━━━ Data extract
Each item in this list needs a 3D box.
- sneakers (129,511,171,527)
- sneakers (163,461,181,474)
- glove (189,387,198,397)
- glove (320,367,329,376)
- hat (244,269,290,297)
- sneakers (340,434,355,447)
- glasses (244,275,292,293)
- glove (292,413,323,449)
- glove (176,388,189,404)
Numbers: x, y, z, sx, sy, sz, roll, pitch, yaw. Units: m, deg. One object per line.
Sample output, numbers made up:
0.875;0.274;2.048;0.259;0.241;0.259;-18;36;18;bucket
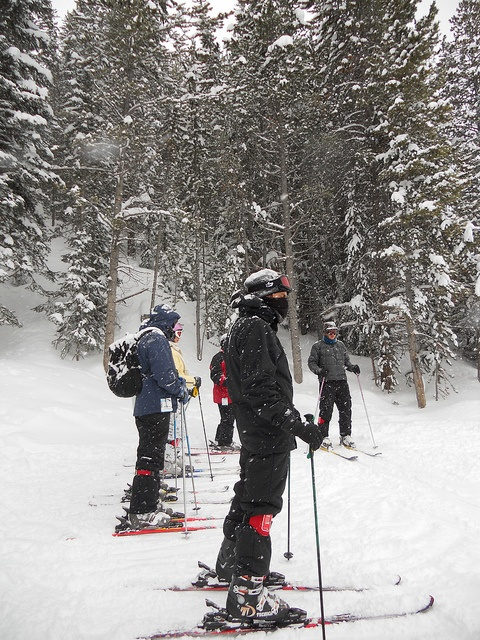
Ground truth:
-0.894;2.027;5.510;0.370;0.179;0.161;-3;-7;-13;sneakers
-0.941;2.083;7.620;0.234;0.132;0.307;6;-12;-7;sneakers
-0.647;1.017;7.689;0.101;0.147;0.147;8;-23;-4;glove
1.356;0.830;8.746;0.086;0.112;0.116;8;-23;6;glove
0.232;-0.364;4.543;0.313;0.208;0.228;-13;17;-16;hat
1.795;2.059;9.065;0.146;0.200;0.181;10;-48;-9;sneakers
0.234;-0.311;4.540;0.242;0.104;0.185;-6;4;-8;glasses
0.515;0.889;4.213;0.272;0.272;0.212;1;-5;-10;glove
-0.625;0.854;6.071;0.071;0.183;0.122;2;7;-35;glove
━━━━━━
What you will do => Starting at the line that contains "0.875;0.274;2.048;0.259;0.241;0.259;-18;36;18;bucket", please write out each line through the last line of the data, both ends included, and keep pictures out of the copy.

Completed task =>
0.875;0.274;2.048;0.259;0.241;0.259;-18;36;18;bucket
Ground truth:
-0.894;2.027;5.510;0.370;0.179;0.161;-3;-7;-13;sneakers
-0.941;2.083;7.620;0.234;0.132;0.307;6;-12;-7;sneakers
-0.647;1.017;7.689;0.101;0.147;0.147;8;-23;-4;glove
1.356;0.830;8.746;0.086;0.112;0.116;8;-23;6;glove
0.232;-0.364;4.543;0.313;0.208;0.228;-13;17;-16;hat
1.795;2.059;9.065;0.146;0.200;0.181;10;-48;-9;sneakers
0.234;-0.311;4.540;0.242;0.104;0.185;-6;4;-8;glasses
0.515;0.889;4.213;0.272;0.272;0.212;1;-5;-10;glove
-0.625;0.854;6.071;0.071;0.183;0.122;2;7;-35;glove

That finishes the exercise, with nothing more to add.